What you have to do
Please repeat exactly the line containing "Also the car [0,279,34,324]." and each line after it in the records below, through the last.

Stored data
Start of Block

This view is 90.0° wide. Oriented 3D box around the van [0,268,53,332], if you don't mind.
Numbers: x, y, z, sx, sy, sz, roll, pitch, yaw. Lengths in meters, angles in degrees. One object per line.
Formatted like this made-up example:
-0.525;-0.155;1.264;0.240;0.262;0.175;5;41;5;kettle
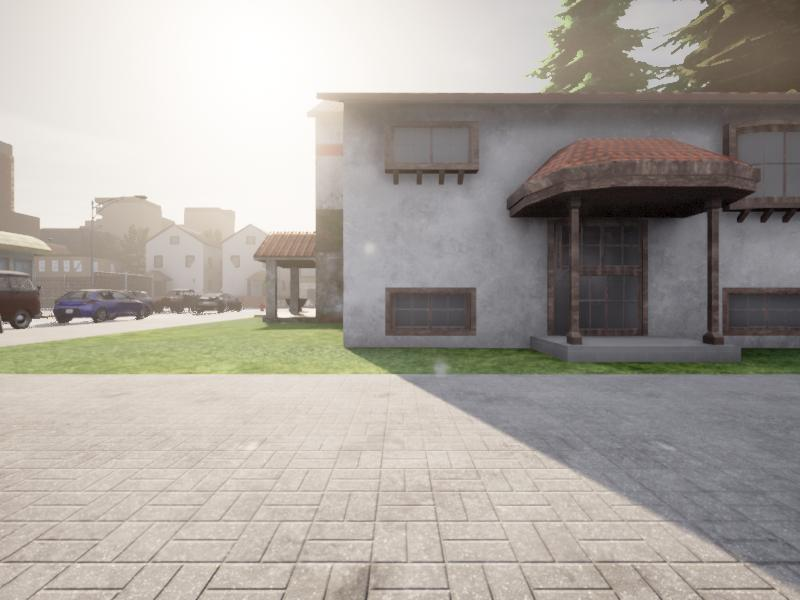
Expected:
-13.442;-0.002;12.281;1.775;1.987;4.442;0;0;-1;van

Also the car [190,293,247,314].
-13.469;0.251;30.109;2.163;1.488;4.792;0;0;0;car

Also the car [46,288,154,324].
-13.466;0.254;18.356;1.816;1.474;4.193;0;0;0;car

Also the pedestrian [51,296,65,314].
-21.777;0.313;25.485;0.500;1.100;0.500;0;0;6;pedestrian

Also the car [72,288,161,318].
-17.412;0.178;24.910;2.033;1.649;4.856;0;0;1;car

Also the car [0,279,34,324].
-17.390;0.056;15.627;1.932;1.855;4.605;0;-1;1;car

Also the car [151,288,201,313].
-17.623;0.046;31.695;1.905;1.878;3.866;0;0;-1;car

End of Block

Solution to the exercise
Also the car [0,279,34,324].
-17.390;0.056;15.627;1.932;1.855;4.605;0;-1;1;car

Also the car [151,288,201,313].
-17.623;0.046;31.695;1.905;1.878;3.866;0;0;-1;car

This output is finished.